A variety of local tectonic settings exist along collision plate margins. Most of the deposits that occur here have formed in diverse tectonic settings and have been transported to the collision zones. Consequently, a variety of metallic deposits are abundant here:

  • Deposits generally related with oceanic ridges (ophiolites).
  • Those associated with convergent plate margins.
  • Mineral deposits associated with cratonic assemblages.
  • Deposits associated with continental rifts.
  • Deposits genetically related to collision zones are hydrocarbons which may accumulate in foreland basins associated with such zones, Eg the Persian Gulf SW of the Zagros Suture in Iran.

Mineral Deposits in Cratonic Rift Systems 

Regional uplift and doming usually result when a continent comes to rest over a hotspot and huge volumes of magma rise to the surface. Extensional failure of the lithopheric crust may occur with continued doming, triggering the development of a triple junction - a three armed continental rift system. Typically, one arm of the rift fails remaining a fissure in the crust known as an aulacogen, while the remaining two arms open to form an oceanic basin. 

The prevalence of three armed rifts is revealed by reassembling the continents surrounding the Atlantic Ocean to their positions before Pangea split up. In most cases two of the arms were incorporated into the Atlantic, while the third remained as a blind rift extending into the continent. 

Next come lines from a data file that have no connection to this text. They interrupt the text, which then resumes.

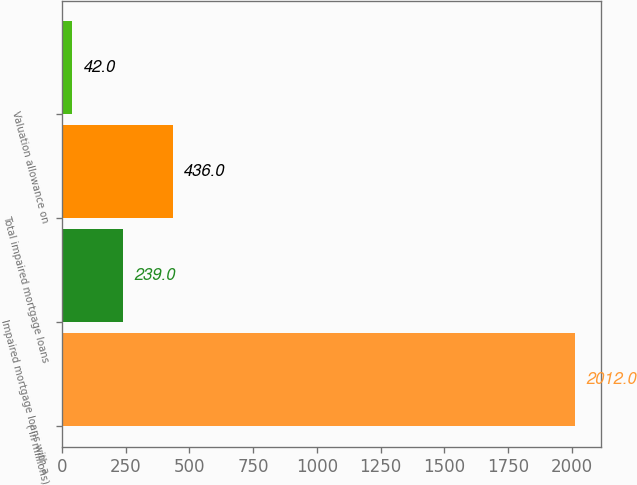<chart> <loc_0><loc_0><loc_500><loc_500><bar_chart><fcel>( in millions)<fcel>Impaired mortgage loans with a<fcel>Total impaired mortgage loans<fcel>Valuation allowance on<nl><fcel>2012<fcel>239<fcel>436<fcel>42<nl></chart> 
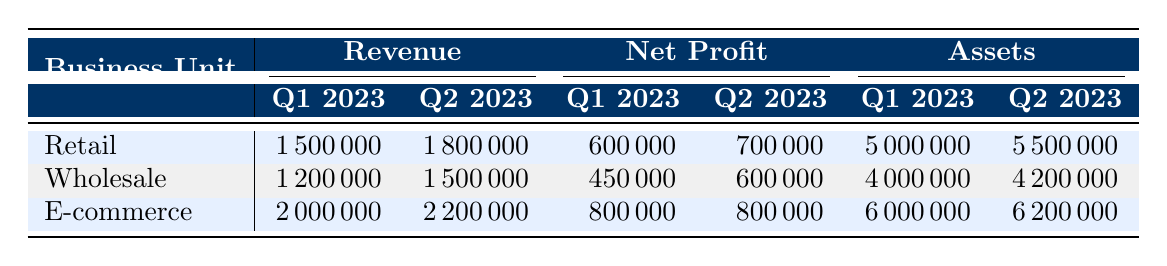What was the revenue for the Retail business unit in Q1 2023? The table directly lists the revenues for each business unit and quarter. For Retail in Q1 2023, the revenue is stated as 1,500,000.
Answer: 1,500,000 Which business unit had the highest net profit in Q2 2023? By comparing the net profits for each business unit in Q2 2023, Retail has a net profit of 700,000, Wholesale has 600,000, and E-commerce has 800,000. E-commerce has the highest net profit.
Answer: E-commerce What are the total assets for the Wholesale business unit across both quarters? To find the total assets for Wholesale, sum the assets for Q1 2023 (4,000,000) and Q2 2023 (4,200,000). The total is 4,000,000 + 4,200,000 = 8,200,000.
Answer: 8,200,000 Is the net profit for E-commerce in Q1 2023 greater than the expenses for Retail in Q2 2023? The net profit for E-commerce in Q1 2023 is 800,000 and the expenses for Retail in Q2 2023 are 1,100,000. Since 800,000 is less than 1,100,000, the statement is false.
Answer: No What is the difference in revenue between Retail and Wholesale in Q1 2023? For Q1 2023, Retail's revenue is 1,500,000 and Wholesale's revenue is 1,200,000. The difference is 1,500,000 - 1,200,000 = 300,000.
Answer: 300,000 How much did E-commerce's net profit change from Q1 2023 to Q2 2023? The net profit for E-commerce remained the same at 800,000 in both quarters. The change is 800,000 - 800,000 = 0.
Answer: 0 Which business unit experienced the largest increase in revenue from Q1 2023 to Q2 2023? Retail's revenue increased by 300,000, Wholesale's increased by 300,000, and E-commerce's increased by 200,000. The increase is the same for Retail and Wholesale, thus both experienced the largest increase.
Answer: Retail and Wholesale What was the ratio of liabilities to assets for the E-commerce unit in Q2 2023? For Q2 2023, E-commerce has liabilities of 2,600,000 and assets of 6,200,000. The ratio is calculated as 2,600,000 / 6,200,000 = 0.419.
Answer: 0.419

Rifting follows crustal doming in response to hot-spot activity in the mantle.
  • Granites intruded at this stage have associated Sn and fluorite deposits.
  • Evaporites accumulate in the rifts during the more advanced stages, with Pb-Zn-Ag deposits in limestones forming during the early and middle stages of rifting. These are followed by oceanic metalliferous deposits.
  • Aulacogens are characterized by the presence of fluorite, barite, carbonatites (with Nb, P, REE, U, Th etc) and Sn-bearing granites.
  • Geothermal fields occur along the rifts due to the upwelling of the asthenosphere.
  • Carbonatites (unusual igneous rock rich in calcite and other carbonate minerals which are considered to be mantle derived), kimberlites, and alkaline granites within or adjacent to rifts provide a major source of metallic and other minerals.

Metal Deposits in Cratonic Basins

Marginal and intracontinental cratonic basins provide a favourable setting for accumulation of organic matter. During the opening of a cratonic rift, seawater moves into the basin and evaporation exceeds inflow, giving rise to the formation of evaporites. The environment is characterized by restricted circulation and hence organic matter is preserved leading to the accumulation of petroleum. With continued rifting, circulation becomes unrestricted and deposition of evaporites and organic matter ceases.

High geothermal gradients beneath the opening rift and increase in pressure due to burial by sediments facilitates the conversion of organic matter to petroleum. In the final stages of the opening of the basin, the salt beds may begin to rise as salt domes forming traps for oil and gas. Oil and gas may also be trapped in structural and stratigraphic traps as they move up due to increasing temperature and pressure, Eg the Red Sea.

This speculation is lent support by the fact that around the Atlantic there is a close geographic and geologic relationship between hydrocarbons and salt accumulations.